___ Source material
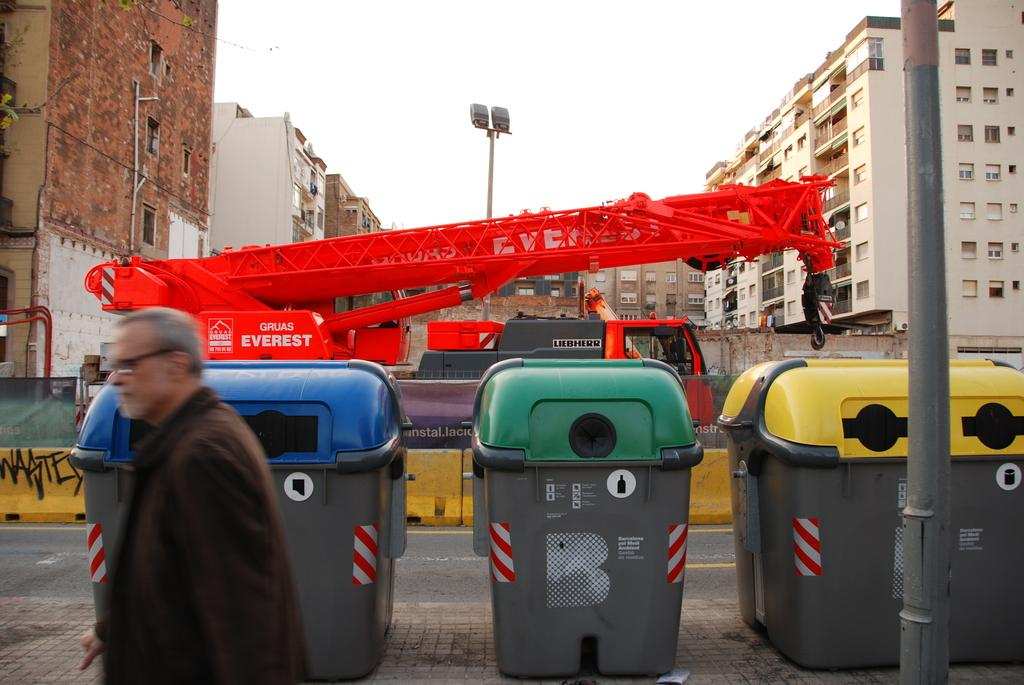<image>
Share a concise interpretation of the image provided. A red crane with the name Graus Everest is positioned behind recycling bins. 
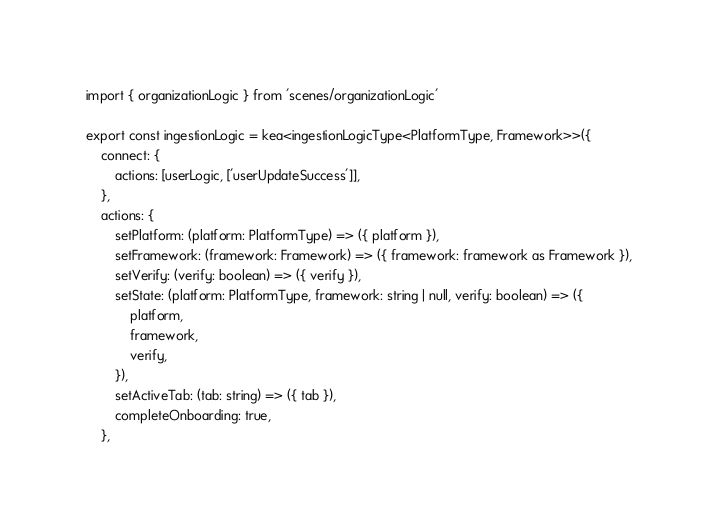Convert code to text. <code><loc_0><loc_0><loc_500><loc_500><_TypeScript_>import { organizationLogic } from 'scenes/organizationLogic'

export const ingestionLogic = kea<ingestionLogicType<PlatformType, Framework>>({
    connect: {
        actions: [userLogic, ['userUpdateSuccess']],
    },
    actions: {
        setPlatform: (platform: PlatformType) => ({ platform }),
        setFramework: (framework: Framework) => ({ framework: framework as Framework }),
        setVerify: (verify: boolean) => ({ verify }),
        setState: (platform: PlatformType, framework: string | null, verify: boolean) => ({
            platform,
            framework,
            verify,
        }),
        setActiveTab: (tab: string) => ({ tab }),
        completeOnboarding: true,
    },
</code> 
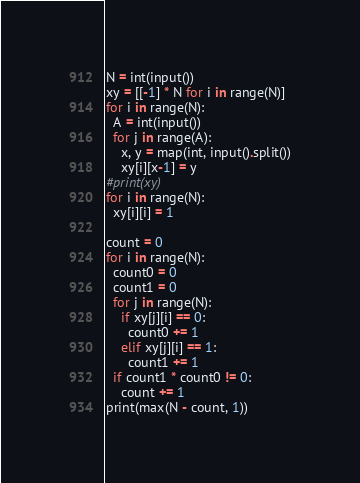<code> <loc_0><loc_0><loc_500><loc_500><_Python_>N = int(input())
xy = [[-1] * N for i in range(N)]
for i in range(N):
  A = int(input())
  for j in range(A):
    x, y = map(int, input().split())
    xy[i][x-1] = y
#print(xy)
for i in range(N):
  xy[i][i] = 1

count = 0
for i in range(N):
  count0 = 0
  count1 = 0
  for j in range(N):
    if xy[j][i] == 0:
      count0 += 1
    elif xy[j][i] == 1:
      count1 += 1
  if count1 * count0 != 0:
    count += 1
print(max(N - count, 1))
</code> 
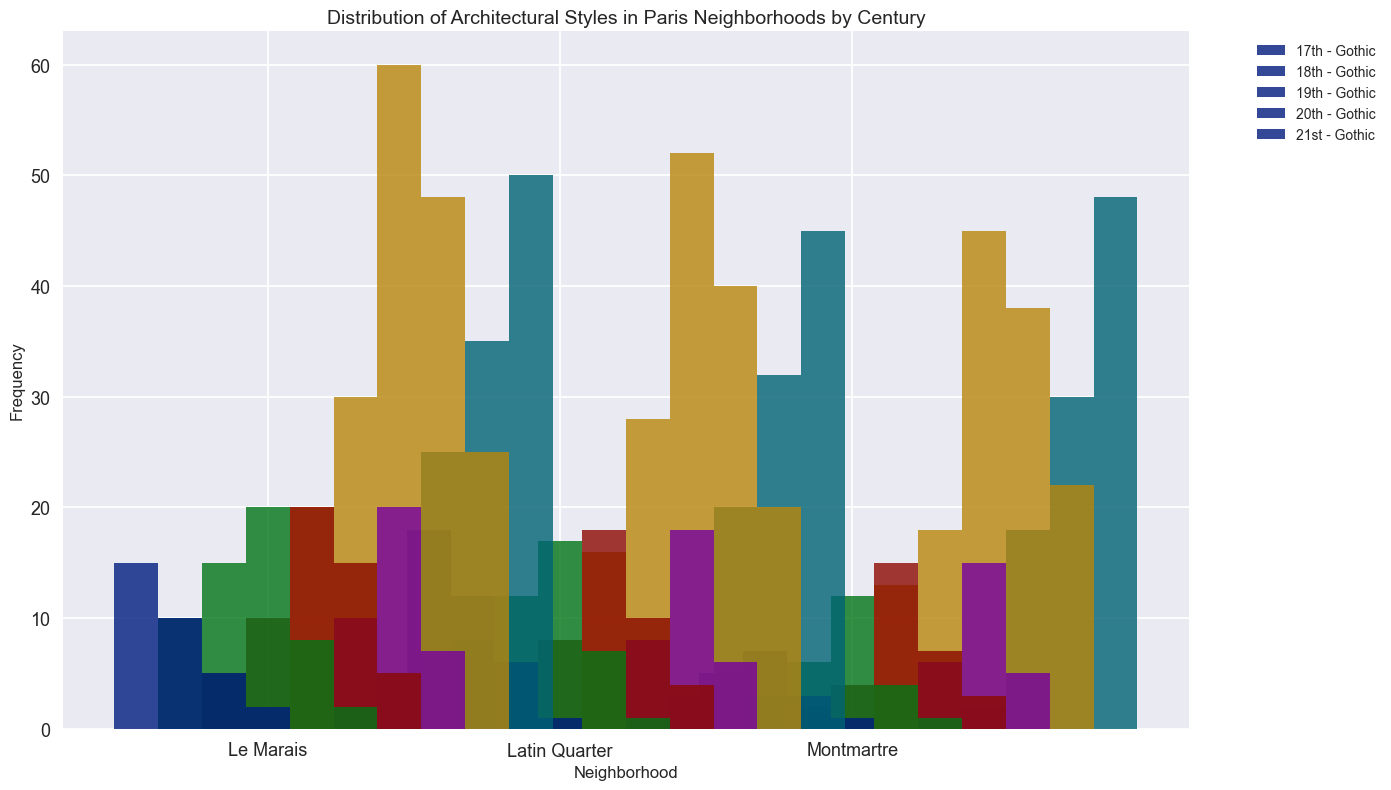Which neighborhood had the highest frequency of Modern architecture in the 21st century? Look for the tallest bar in the 21st-century group and compare the heights across neighborhoods for the Modern style.
Answer: Le Marais Comparing the 19th century, which neighborhood had more Haussmannian buildings, Le Marais or Latin Quarter? Compare the heights of the Haussmannian bars for Le Marais and Latin Quarter in the 19th-century group.
Answer: Le Marais How many Baroque buildings were there in total across all neighborhoods in the 18th century? Sum the number of Baroque buildings for Le Marais, Latin Quarter, and Montmartre in the 18th century. The values are 15, 12, and 6, respectively. So, 15 + 12 + 6 = 33.
Answer: 33 Which architectural style saw the largest increase from the 17th to the 19th century in Montmartre? Compare the frequency counts of each style in Montmartre between the 17th and 19th centuries. The largest increase is observed in the Haussmannian style, which increased from 13 to 45.
Answer: Haussmannian What is the combined frequency of Gothic and Art Nouveau styles in the Latin Quarter during the 20th century? Add the frequency of Gothic and Art Nouveau buildings in the 20th century for the Latin Quarter. Gothic is 1, and Art Nouveau is 18. So, 1 + 18 = 19.
Answer: 19 Which century had the lowest frequency of Neoclassical buildings in Montmartre? Compare the heights of the Neoclassical bars for Montmartre across all centuries and find the shortest one.
Answer: 17th century In the 18th century, which neighborhood had the smallest number of Gothic buildings? Compare the heights of the Gothic bars for each neighborhood in the 18th century, and find the shortest one.
Answer: Montmartre How did the frequency of Baroque buildings change in Le Marais from the 17th to the 21st century? Compare the heights of the Baroque bars in Le Marais from the 17th to the 21st century. The frequencies are 10 (17th), 15 (18th), 20 (19th), 8 (20th), and 2 (21st). The change shows an initial increase and then a gradual decrease.
Answer: Increased from 17th to 19th century and then decreased to 21st century Which architectural style in Montmartre has a consistently low frequency across all centuries? Check the heights of all the bars in Montmartre for each style in each century, and note the one that remains low.
Answer: Gothic 
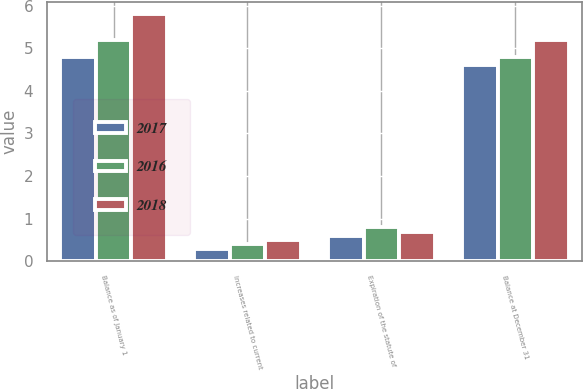Convert chart. <chart><loc_0><loc_0><loc_500><loc_500><stacked_bar_chart><ecel><fcel>Balance as of January 1<fcel>Increases related to current<fcel>Expiration of the statute of<fcel>Balance at December 31<nl><fcel>2017<fcel>4.8<fcel>0.3<fcel>0.6<fcel>4.6<nl><fcel>2016<fcel>5.2<fcel>0.4<fcel>0.8<fcel>4.8<nl><fcel>2018<fcel>5.8<fcel>0.5<fcel>0.7<fcel>5.2<nl></chart> 
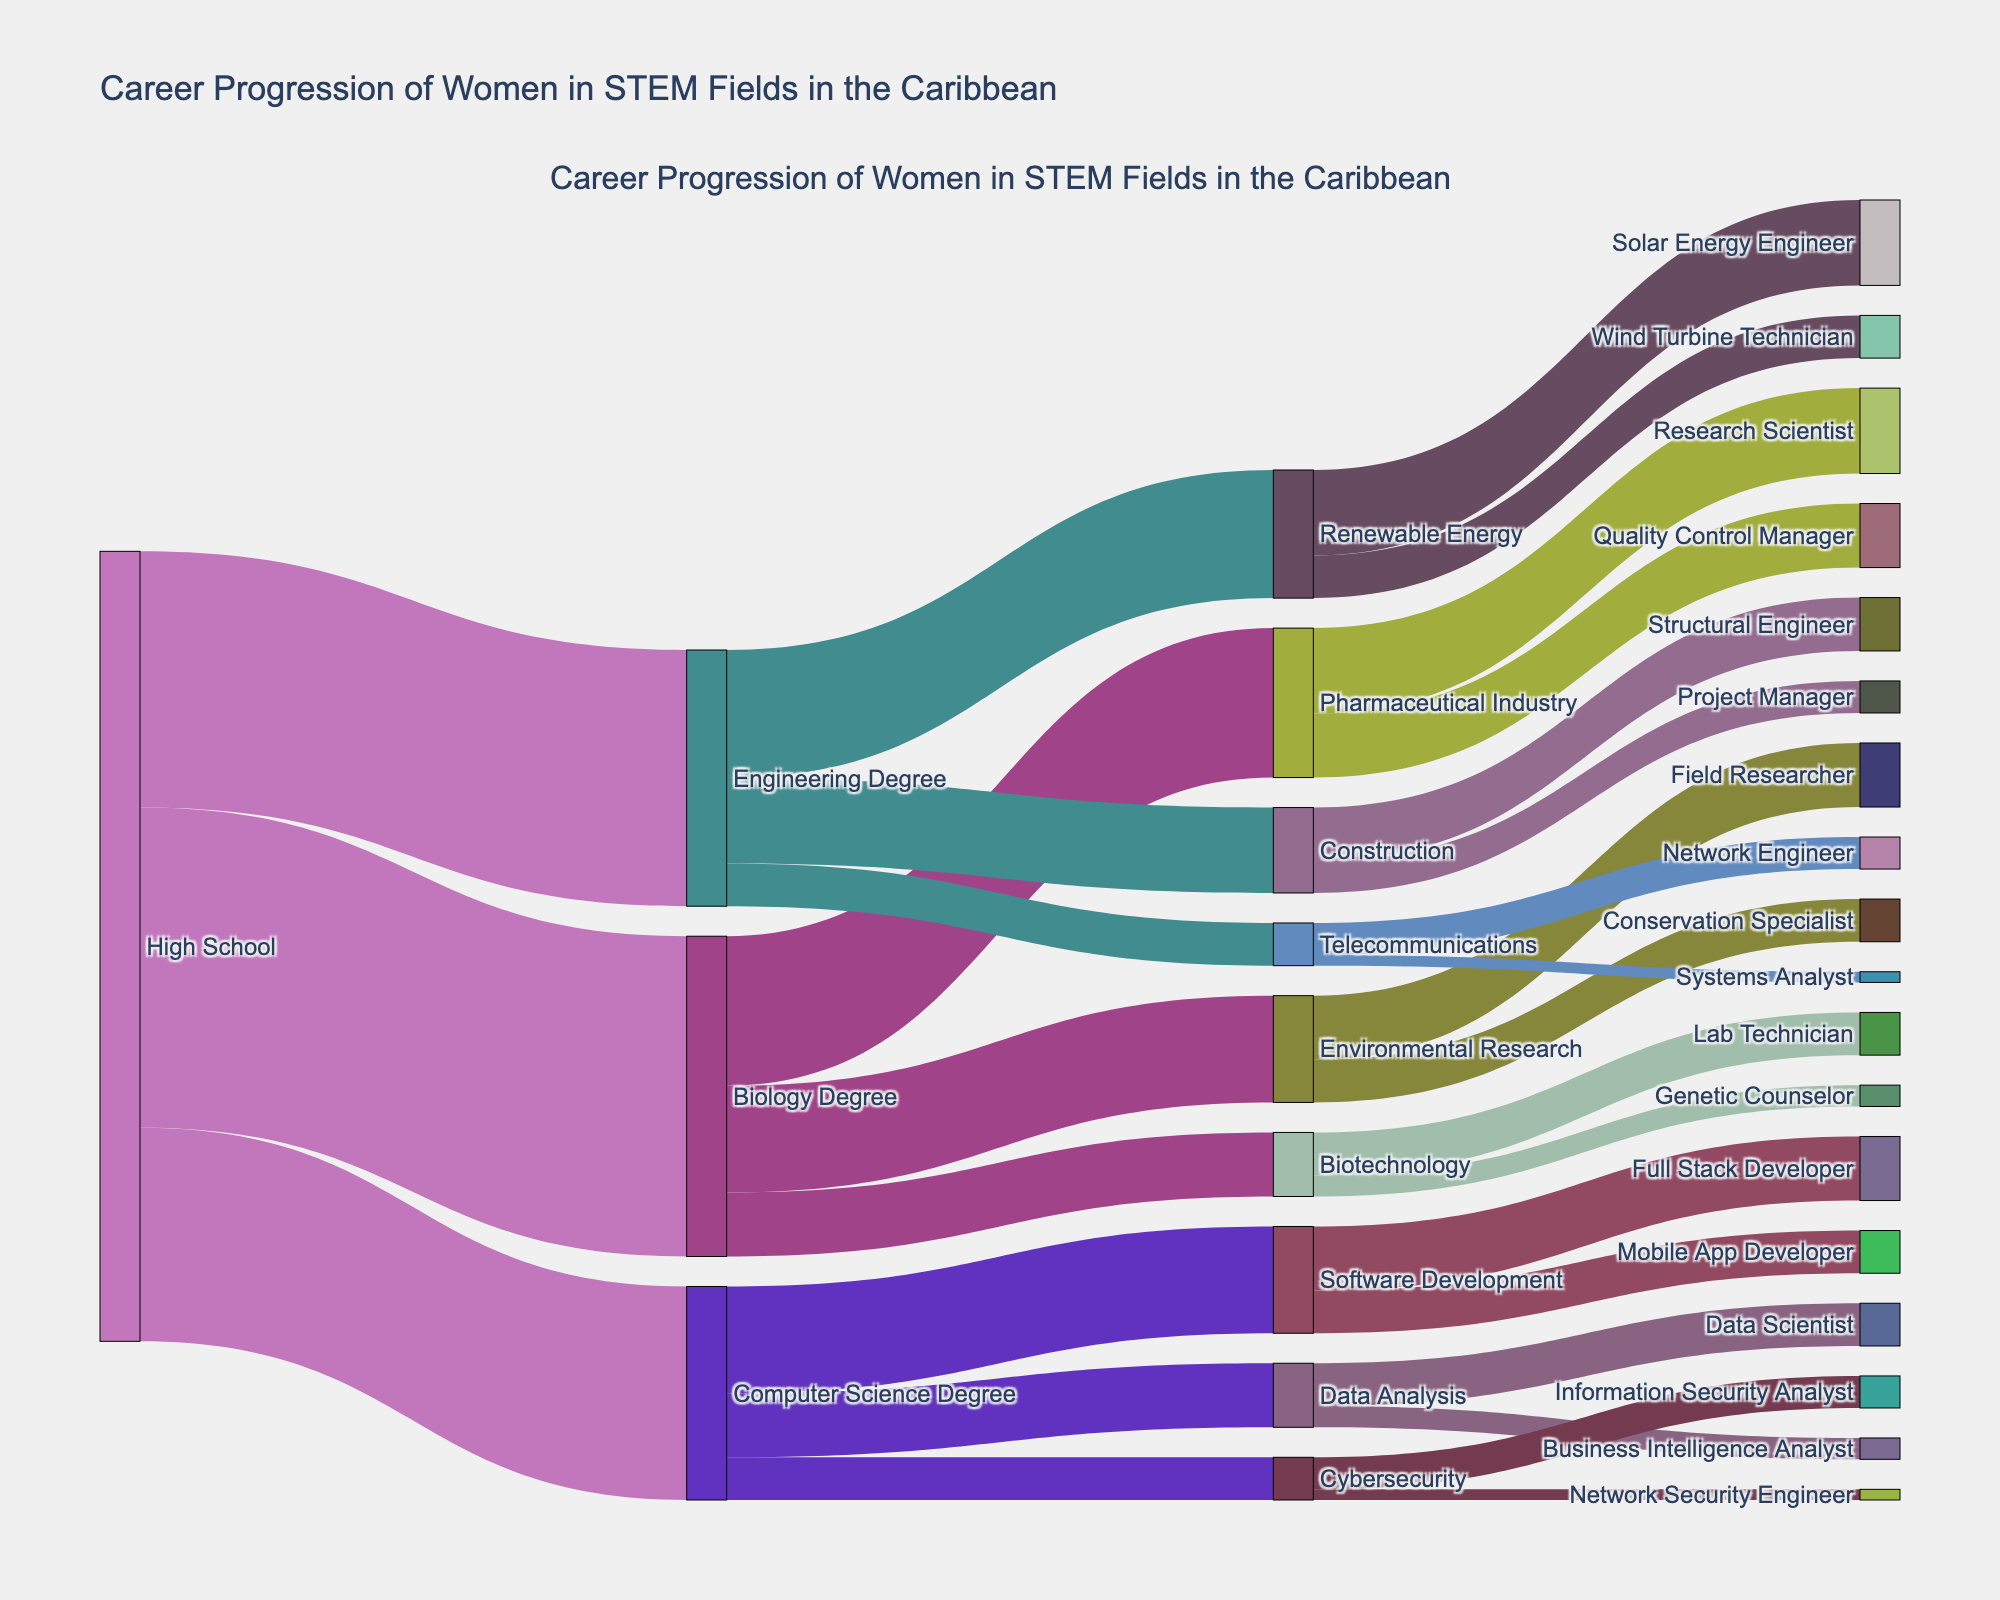What is the title of the figure? The title is usually displayed at the top center of the figure. By reading it directly, one can determine the main subject of the diagram.
Answer: Career Progression of Women in STEM Fields in the Caribbean How many transitions are there from a high school level to a Computer Science degree? By examining the part of the diagram that connects high school to various degrees, count how many transitions lead to a Computer Science degree.
Answer: 100 Which role has the highest number of women coming from a Biology Degree? Look at the segments that connect Biology Degree to different roles. The highest value connected segment indicates the role with the most women.
Answer: Pharmaceutical Industry How many women progressed into roles within Telecommunications from an Engineering Degree? Check the transitions from Engineering Degree to roles within Telecommunications, summing the values of those transitions.
Answer: 20 Summarize the total number of women entering STEM fields directly from high school. Add up all values connecting high school to different STEM degree programs.
Answer: 370 How many women move from the Pharmaceutical Industry to becoming Research Scientists and Quality Control Managers combined? Sum up the values for the transitions from Pharmaceutical Industry to Research Scientist and Quality Control Manager.
Answer: 70 Compare the number of women entering the Renewable Energy sector versus those entering Software Development from degree programs. Which one has more? Add the transitions into Renewable Energy roles and compare with the sum of transitions into Software Development roles.
Answer: Renewable Energy has 60; Software Development has 50 What is the least common career outcome for women with a degree in Biotechnology? Identify the role from Biotechnology with the smallest transition value.
Answer: Genetic Counselor From the Environmental Research field, what role has fewer women: Field Researcher or Conservation Specialist? Compare the values of transitions from Environmental Research to Field Researcher and Conservation Specialist.
Answer: Conservation Specialist What proportion of women with a Computer Science Degree moved into Software Development? Divide the number of transitions from Computer Science Degree to Software Development by the total number of women with a Computer Science Degree, and multiply by 100 to get the percentage.
Answer: 50% Which role in Telecommunications has fewer women, Network Engineer or Systems Analyst? By examining transitions from Telecommunications to each role, determine which segment is smaller.
Answer: Systems Analyst
______
§ Aim of the task
Tally the lines of the records that contain the word "Marais" and state the total alone.

§ Task response
3